Excerpted records: Begin
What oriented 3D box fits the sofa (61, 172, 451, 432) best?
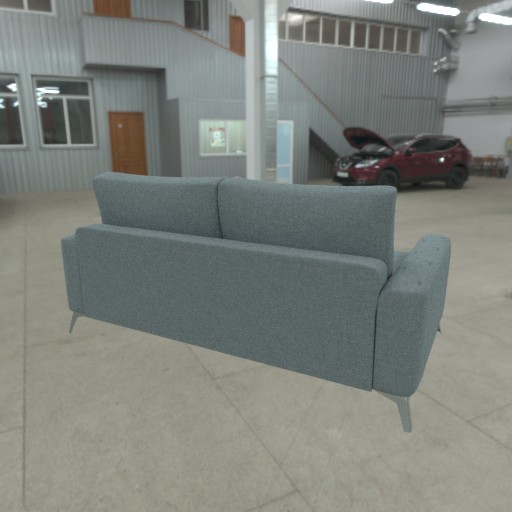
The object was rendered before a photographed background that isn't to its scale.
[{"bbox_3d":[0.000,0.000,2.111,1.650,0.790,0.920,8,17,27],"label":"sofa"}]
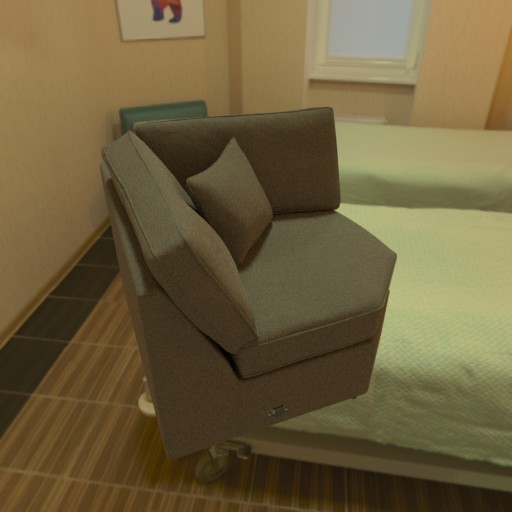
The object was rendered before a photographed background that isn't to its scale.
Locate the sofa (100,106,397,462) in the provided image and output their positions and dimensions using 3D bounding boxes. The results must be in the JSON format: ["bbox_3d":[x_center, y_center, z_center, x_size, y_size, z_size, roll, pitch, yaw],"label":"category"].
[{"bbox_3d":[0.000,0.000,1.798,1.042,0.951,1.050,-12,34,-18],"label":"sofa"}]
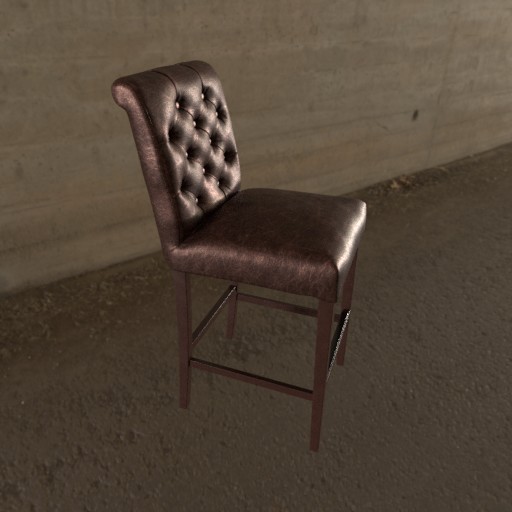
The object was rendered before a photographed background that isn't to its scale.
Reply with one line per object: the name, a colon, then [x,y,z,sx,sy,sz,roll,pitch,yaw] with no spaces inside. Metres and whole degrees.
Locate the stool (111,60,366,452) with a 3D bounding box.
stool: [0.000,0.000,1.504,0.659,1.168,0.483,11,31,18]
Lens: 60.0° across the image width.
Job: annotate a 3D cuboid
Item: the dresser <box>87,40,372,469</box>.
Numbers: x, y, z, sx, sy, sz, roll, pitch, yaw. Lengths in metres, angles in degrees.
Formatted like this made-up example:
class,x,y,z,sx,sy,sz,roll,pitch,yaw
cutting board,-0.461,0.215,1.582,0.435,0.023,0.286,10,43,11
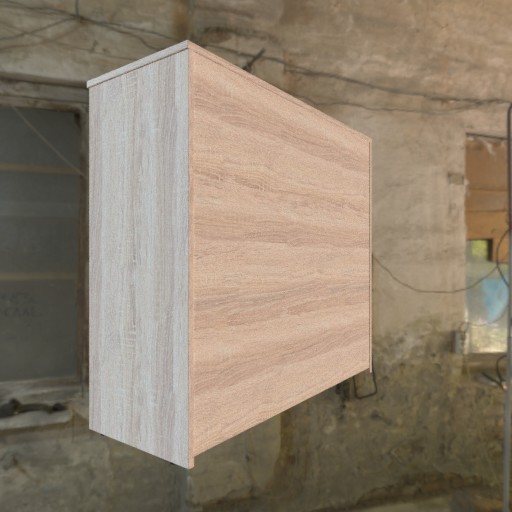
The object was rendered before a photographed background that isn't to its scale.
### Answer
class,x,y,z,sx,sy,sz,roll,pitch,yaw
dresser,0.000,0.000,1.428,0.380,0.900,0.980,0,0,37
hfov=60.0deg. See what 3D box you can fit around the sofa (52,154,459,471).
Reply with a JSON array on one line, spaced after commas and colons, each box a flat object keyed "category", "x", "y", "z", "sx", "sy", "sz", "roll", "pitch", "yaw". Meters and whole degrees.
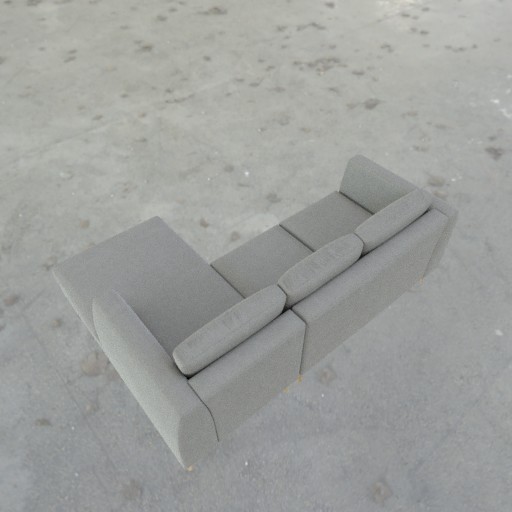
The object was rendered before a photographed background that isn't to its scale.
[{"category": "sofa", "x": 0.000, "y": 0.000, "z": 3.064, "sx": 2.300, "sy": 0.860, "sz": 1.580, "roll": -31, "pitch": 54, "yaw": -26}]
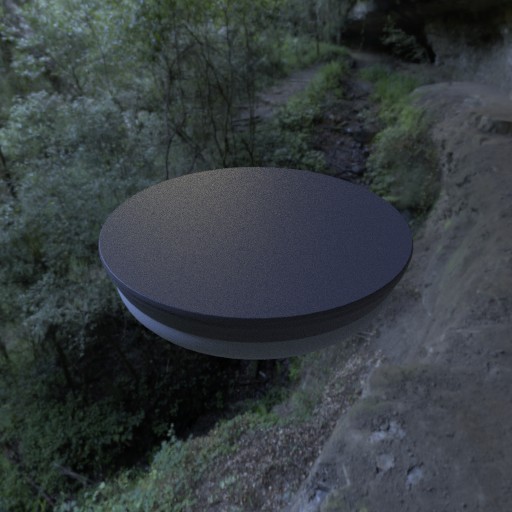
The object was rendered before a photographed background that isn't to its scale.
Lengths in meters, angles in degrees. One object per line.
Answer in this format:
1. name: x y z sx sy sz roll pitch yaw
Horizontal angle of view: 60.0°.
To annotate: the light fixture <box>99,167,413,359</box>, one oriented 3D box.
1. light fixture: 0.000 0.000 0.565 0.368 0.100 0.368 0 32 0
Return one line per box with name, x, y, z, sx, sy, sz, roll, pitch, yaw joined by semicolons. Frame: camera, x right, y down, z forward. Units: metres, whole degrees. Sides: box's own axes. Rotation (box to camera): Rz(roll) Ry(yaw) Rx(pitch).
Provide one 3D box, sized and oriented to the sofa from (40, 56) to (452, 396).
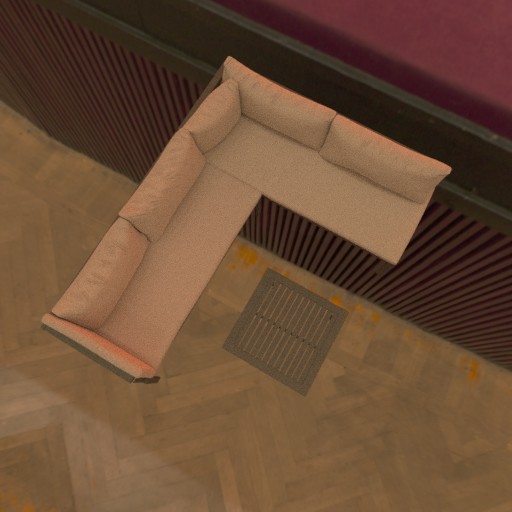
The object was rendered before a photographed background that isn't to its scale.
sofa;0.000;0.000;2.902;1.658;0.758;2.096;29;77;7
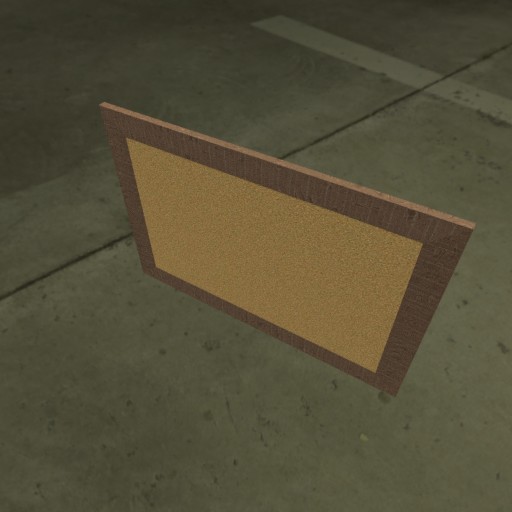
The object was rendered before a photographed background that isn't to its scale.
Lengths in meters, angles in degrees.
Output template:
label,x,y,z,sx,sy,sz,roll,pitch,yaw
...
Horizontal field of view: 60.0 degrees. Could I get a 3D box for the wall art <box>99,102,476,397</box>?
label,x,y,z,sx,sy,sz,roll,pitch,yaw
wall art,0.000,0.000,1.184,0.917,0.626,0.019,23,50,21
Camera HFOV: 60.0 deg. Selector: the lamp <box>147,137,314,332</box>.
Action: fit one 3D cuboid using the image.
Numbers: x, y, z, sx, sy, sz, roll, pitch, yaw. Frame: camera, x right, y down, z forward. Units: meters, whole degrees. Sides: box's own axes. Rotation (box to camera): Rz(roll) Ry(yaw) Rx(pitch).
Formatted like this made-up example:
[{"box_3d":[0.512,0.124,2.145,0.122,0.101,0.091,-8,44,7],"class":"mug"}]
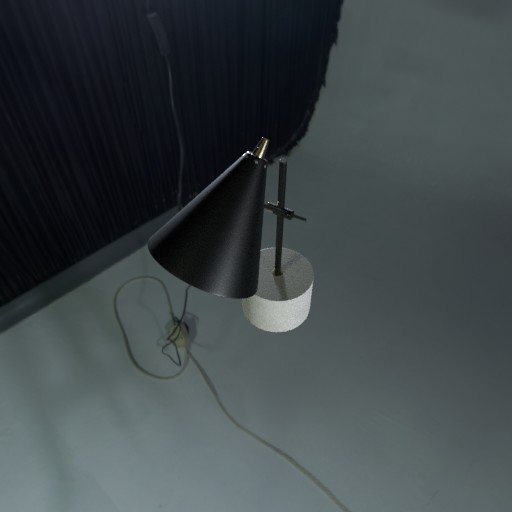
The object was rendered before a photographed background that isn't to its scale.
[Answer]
Excerpted records: End
• [Task brief]
State how many lines of the entries above include the word "down", offering no text other than the number.

• [Response area]
2